While The Paddocks was built around an equestrian experience, some of the island’s most storied communities have recognized the appeal of horseback riding and boarding. Moss Creek has long served as the island’s front porch, with each new arrival driving past those long split-rail fences and marveling at the beautiful horses within.

“It is a showpiece; it’s eye candy for 278,” said Jill Green, manager of Moss Creek’s equestrian center. “People that don’t even ride horses come in and say, ‘I can’t tell you how this affects my day.’ When I pull in, and I drive past the horses, people stop and pet them and take a picture.”

The equestrian center’s 14 stalls house a mix of resident and guest horses, and its core of riders offer lessons for every skill level. While you’re here, you can even meet Green’s horse, Mouse (“He’s huge,” Green said with a laugh. “It’s a bit of a misnomer.”) Set among the twisting trunks of an old pecan grove, the equestrian center at Moss Creek has been part of the community’s fabric since the beginning.

“It’s an active barn. There are some barns that take horses for the sake of retirement or other purposes, but most of the people who have their horses here, they ride them; they take lessons; they’re generally interested in competing,” Green said.


Shanna Sullivan enjoys a ride through Spring Island with Apache.

Spring Island’s famed equestrian center encompasses 31 acres of lush maritime forests and vast green fields. The many horses boarded there enjoy 30 miles of trails that snake in and around this bucolic and tranquil community. Even with access to these facilities, some residents chose to build their own — some, despite not being into horses.

“I was never a horse person,” said Spring Island resident Shanna Sullivan. “Big horses scared the living daylights out of me.”

Despite her fears, Sullivan soon found herself drawn to the robust equestrian lifestyle at Spring Island. She found a compromise that allowed her to meander among the miles of trails with a trio of miniature horses named Sport, Apache and Harry Spotter. Each horse drives his own miniature carriage and lives in a barn on Sullivan’s property.

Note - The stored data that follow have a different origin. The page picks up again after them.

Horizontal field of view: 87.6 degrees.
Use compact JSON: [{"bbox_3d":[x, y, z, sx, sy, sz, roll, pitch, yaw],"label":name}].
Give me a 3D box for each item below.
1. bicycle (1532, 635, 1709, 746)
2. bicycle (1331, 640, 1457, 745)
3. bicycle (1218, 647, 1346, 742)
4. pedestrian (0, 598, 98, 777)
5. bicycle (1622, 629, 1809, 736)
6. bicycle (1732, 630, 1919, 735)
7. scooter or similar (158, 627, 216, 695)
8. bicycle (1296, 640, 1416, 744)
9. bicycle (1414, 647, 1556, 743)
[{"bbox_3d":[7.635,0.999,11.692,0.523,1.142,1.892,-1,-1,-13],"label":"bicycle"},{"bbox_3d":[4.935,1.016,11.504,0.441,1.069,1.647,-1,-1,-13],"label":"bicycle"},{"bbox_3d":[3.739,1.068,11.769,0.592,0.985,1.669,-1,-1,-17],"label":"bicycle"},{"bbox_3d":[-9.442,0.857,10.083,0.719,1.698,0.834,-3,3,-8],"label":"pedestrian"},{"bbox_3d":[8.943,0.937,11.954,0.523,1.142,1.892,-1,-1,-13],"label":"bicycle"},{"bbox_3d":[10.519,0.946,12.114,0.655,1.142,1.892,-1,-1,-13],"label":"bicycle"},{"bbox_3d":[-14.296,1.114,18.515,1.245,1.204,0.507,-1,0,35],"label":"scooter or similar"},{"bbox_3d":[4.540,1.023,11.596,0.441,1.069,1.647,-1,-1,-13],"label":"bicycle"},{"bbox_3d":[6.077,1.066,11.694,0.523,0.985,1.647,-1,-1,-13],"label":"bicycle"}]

“It’s just been so much fun, incredibly so much fun, and a whole element of my life that I never thought was even possible way back when,” she said. “Spring Island has been such a wonderful place to do it. People are great, the trails are wonderful, and everyone is considerate of one another.”

And that sense of community has attracted some big names to the area. Hall of Fame jockey Eddie Maple is perhaps best known for riding Secretariat on the legendary thoroughbred’s final ride, but locals are far more likely to see him running the stables at Rose Hill.

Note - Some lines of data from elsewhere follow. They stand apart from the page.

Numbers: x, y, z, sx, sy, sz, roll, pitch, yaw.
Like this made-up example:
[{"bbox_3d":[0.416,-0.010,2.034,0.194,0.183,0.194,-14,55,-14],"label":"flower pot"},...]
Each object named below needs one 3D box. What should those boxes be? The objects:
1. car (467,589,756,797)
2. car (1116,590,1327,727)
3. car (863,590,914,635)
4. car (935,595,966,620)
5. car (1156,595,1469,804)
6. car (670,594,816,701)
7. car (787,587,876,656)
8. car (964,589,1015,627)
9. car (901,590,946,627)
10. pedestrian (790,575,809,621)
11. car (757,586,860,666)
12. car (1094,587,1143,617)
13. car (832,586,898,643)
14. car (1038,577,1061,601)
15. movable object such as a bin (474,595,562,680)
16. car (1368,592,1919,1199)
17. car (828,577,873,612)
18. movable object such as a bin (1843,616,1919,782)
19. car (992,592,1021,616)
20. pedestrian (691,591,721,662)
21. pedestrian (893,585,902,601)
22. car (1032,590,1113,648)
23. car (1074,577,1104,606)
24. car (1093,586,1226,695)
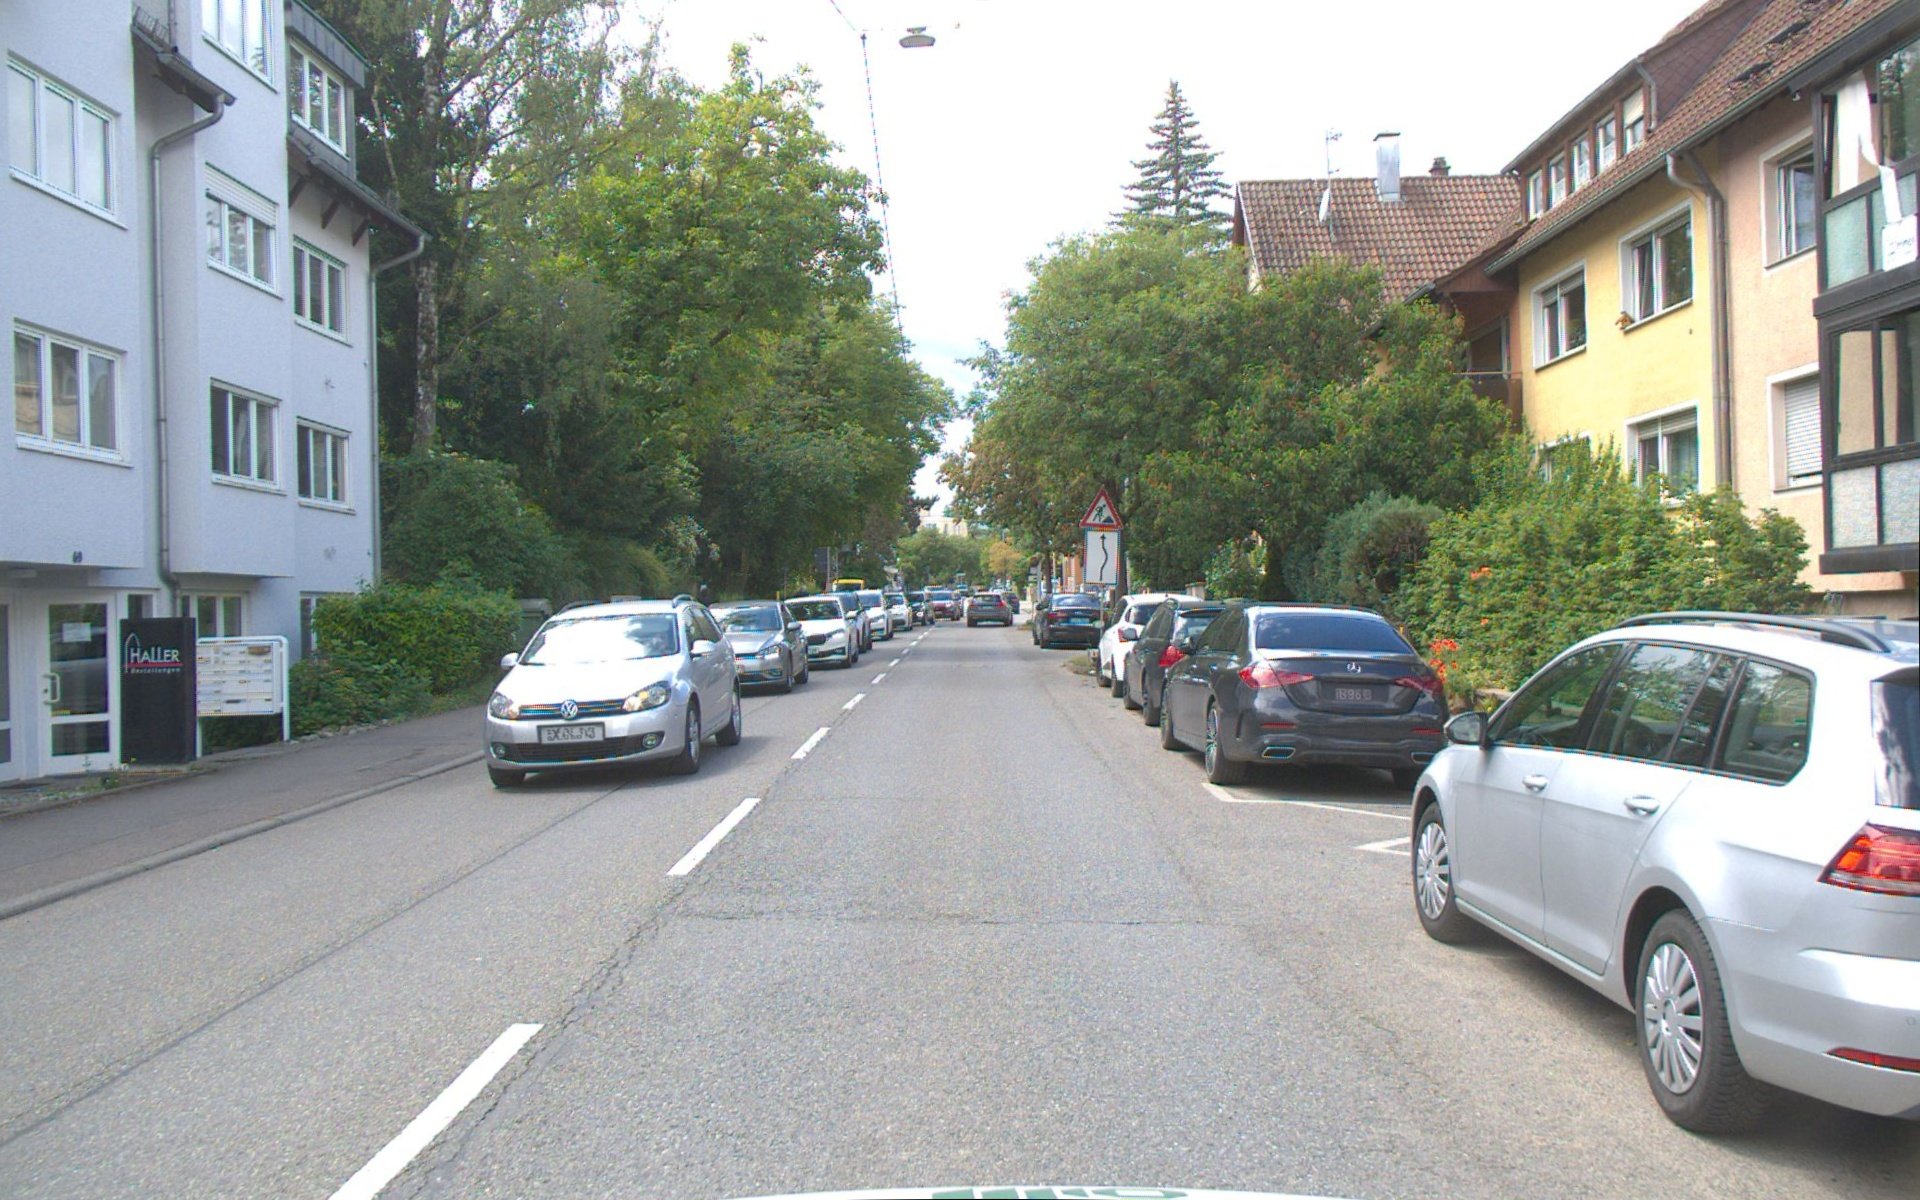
[{"bbox_3d":[-3.024,0.720,15.263,1.693,1.528,4.375,-3,0,-1],"label":"car"},{"bbox_3d":[3.088,0.629,20.454,1.952,1.448,4.589,-1,0,1],"label":"car"},{"bbox_3d":[-2.839,0.472,66.094,1.748,1.619,4.154,-3,0,1],"label":"car"},{"bbox_3d":[-0.560,0.447,97.666,1.656,1.450,3.438,-1,-1,2],"label":"car"},{"bbox_3d":[2.872,0.721,14.546,1.698,1.453,4.883,2,0,0],"label":"car"},{"bbox_3d":[-3.443,0.713,26.979,1.674,1.481,4.287,-4,0,1],"label":"car"},{"bbox_3d":[-3.282,0.517,42.990,1.889,1.573,4.086,-4,1,0],"label":"car"},{"bbox_3d":[1.321,0.343,72.772,1.934,1.539,4.269,2,0,5],"label":"car"},{"bbox_3d":[-1.668,0.363,76.782,1.752,1.568,4.265,-3,0,2],"label":"car"},{"bbox_3d":[-6.253,-0.074,64.523,0.700,1.793,1.121,-1,-1,-5],"label":"pedestrian"},{"bbox_3d":[-3.108,0.501,34.589,1.724,1.464,3.970,-3,1,0],"label":"car"},{"bbox_3d":[7.263,0.066,76.123,1.689,1.339,4.265,-1,0,-2],"label":"car"},{"bbox_3d":[-3.043,0.441,53.592,1.749,1.676,4.491,-3,0,1],"label":"car"},{"bbox_3d":[7.809,-0.946,144.627,1.952,2.049,4.001,-1,-1,2],"label":"car"},{"bbox_3d":[-7.847,0.657,29.431,1.304,1.452,1.212,-1,-1,-6],"label":"movable object such as a bin"},{"bbox_3d":[2.928,0.733,6.102,1.666,1.506,4.872,0,0,0],"label":"car"},{"bbox_3d":[-6.562,-0.297,99.488,2.101,2.015,4.932,-1,-1,3],"label":"car"},{"bbox_3d":[6.468,0.662,11.346,0.512,1.099,0.604,-1,-1,6],"label":"movable object such as a bin"},{"bbox_3d":[3.001,0.248,106.996,1.778,1.527,4.268,0,0,1],"label":"car"},{"bbox_3d":[-6.204,0.652,40.396,0.640,1.696,0.931,-1,-1,-5],"label":"pedestrian"},{"bbox_3d":[-5.762,-0.665,151.915,0.690,1.464,0.714,-1,-1,4],"label":"pedestrian"},{"bbox_3d":[2.981,0.468,44.740,1.765,1.470,4.886,1,0,-1],"label":"car"},{"bbox_3d":[8.219,-0.543,105.530,1.747,1.663,3.694,-4,0,3],"label":"car"},{"bbox_3d":[3.046,0.568,25.854,1.588,1.534,3.779,-1,0,0],"label":"car"}]

“We knew that there were equestrian places down here. We were familiar with Aiken at the time; we were familiar with Camden, both being just a few hours away,” Maple said of his decision to move to the Lowcountry.

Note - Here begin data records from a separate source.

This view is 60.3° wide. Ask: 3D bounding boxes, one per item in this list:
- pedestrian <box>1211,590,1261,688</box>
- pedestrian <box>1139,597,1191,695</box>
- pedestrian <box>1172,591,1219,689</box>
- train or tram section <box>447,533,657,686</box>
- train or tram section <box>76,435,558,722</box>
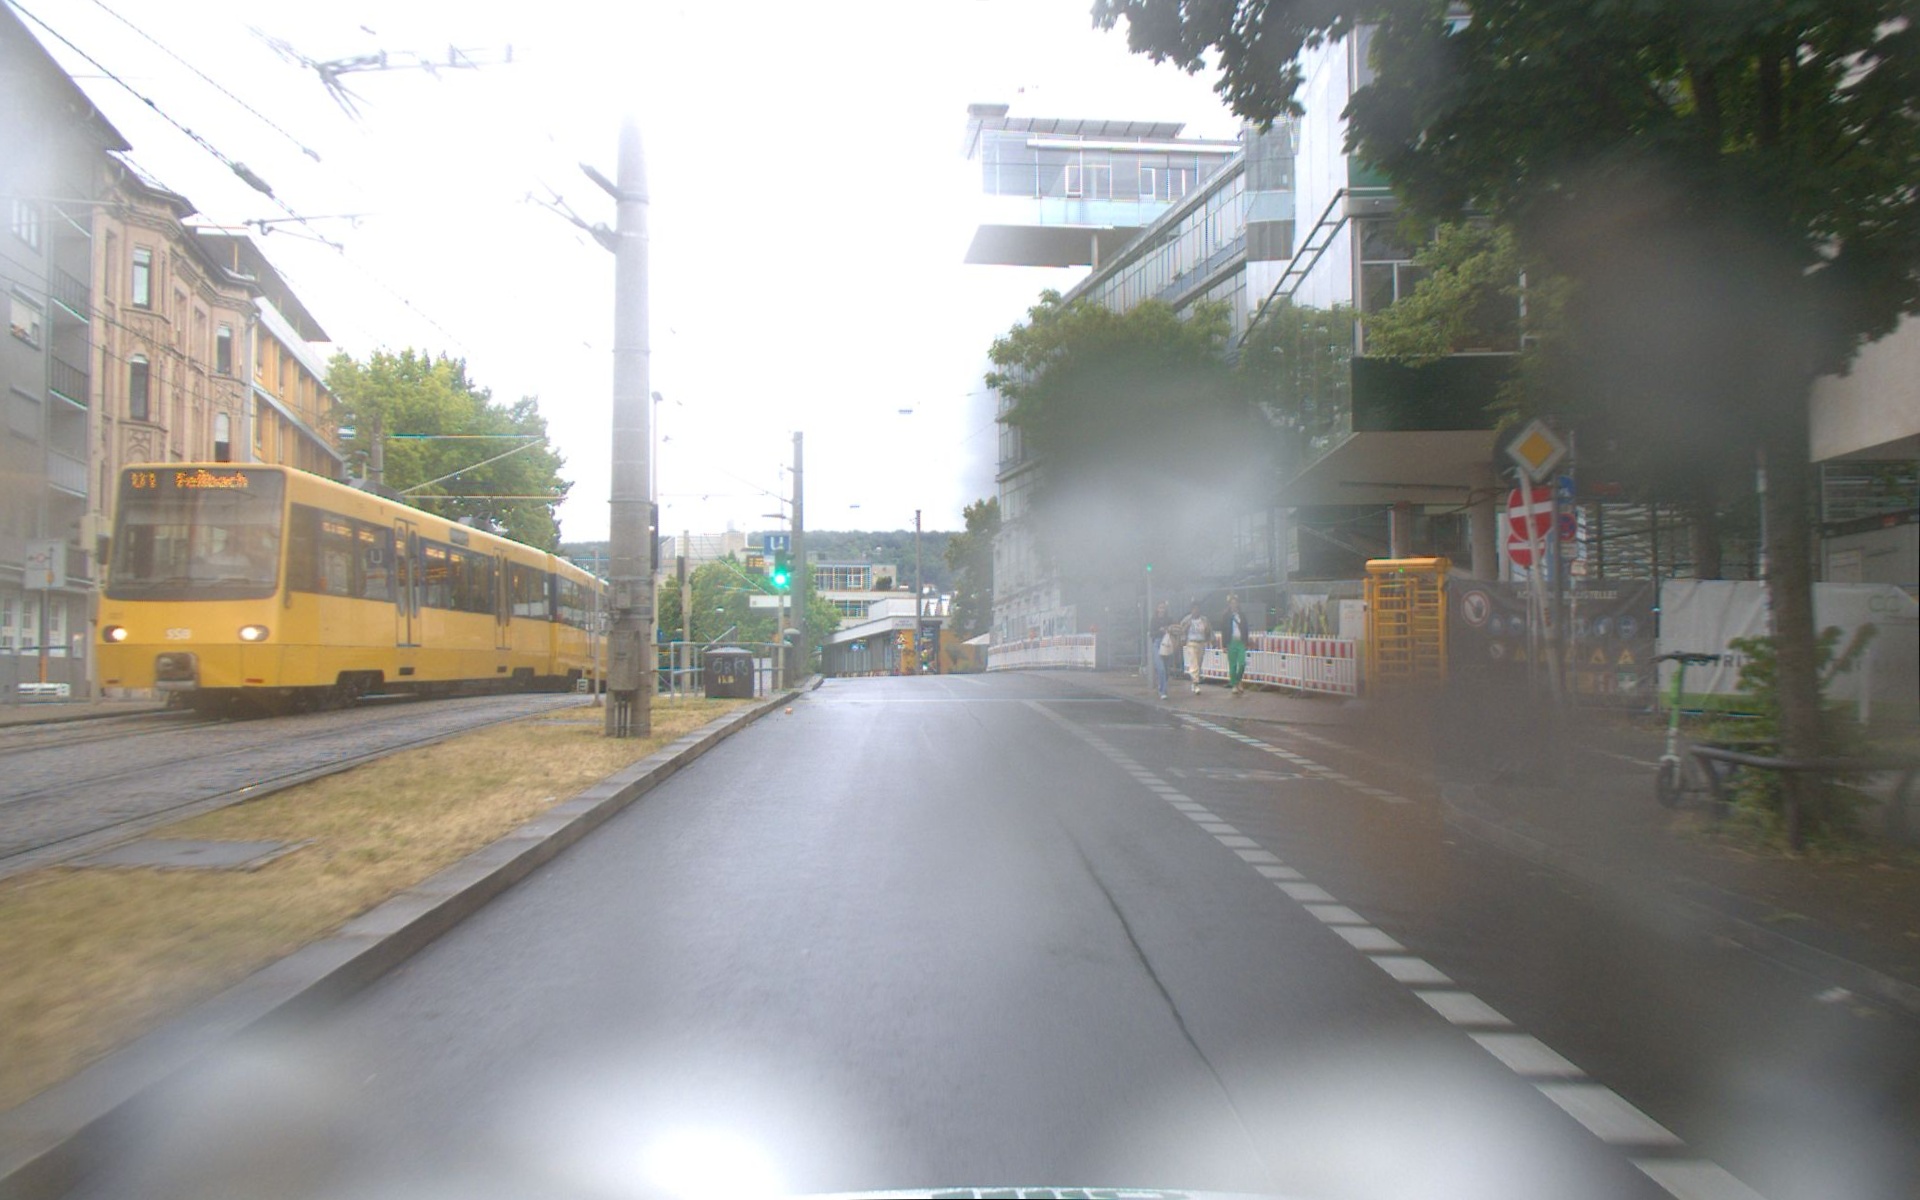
[{"bbox_3d":[5.241,0.730,31.435,0.686,1.816,1.066,0,0,-5],"label":"pedestrian"},{"bbox_3d":[3.759,0.834,30.378,0.722,1.760,1.117,0,0,-5],"label":"pedestrian"},{"bbox_3d":[4.493,0.755,31.610,0.686,1.847,0.976,0,0,-5],"label":"pedestrian"},{"bbox_3d":[-11.771,0.501,50.186,2.691,3.762,18.955,0,-2,-3],"label":"train or tram section"},{"bbox_3d":[-10.743,-0.028,31.253,2.691,3.762,18.955,0,-2,-3],"label":"train or tram section"}]

He’s not alone in this decision. For one reason or another, the Lowcountry’s stock as an equestrian destination has soared in recent years. “People settle in this area quite a bit from different parts of the country, and a lot of them have horses,” he said. “Just like you get a fair amount of people that come down here to retire to play golf, and the wives and daughters have horses to ride, so they need places to stay.”

There’s an undeniable appeal to the Lowcountry for those with an equestrian fascination. Many of the horse owners, boarders, trainers and experts of the Lowcountry would agree.
“There are a lot of opportunities,” Sullivan said. “I think the majority of people here have had horses in their past, and so this is just a continuation for them of their passion from earlier on.”


Carrie Lukach and Harry Spotter head out for the trails on Spring Island.

“Full-service equestrian facilities with arenas — not just a place to leave your horse — that offer training and boarding programs, are more in demand now than they’ve ever been,” Green echoed.

“Also, we don’t have the terrible winters down here, and I just think that the people have flocked to this area for fun,” Zimmerman said. “They want to come, ride their horses, have them with them and just enjoy them.”

Whatever the reason, they’re here now. And the trails they have blazed have added an entirely new dimension to our Lowcountry home.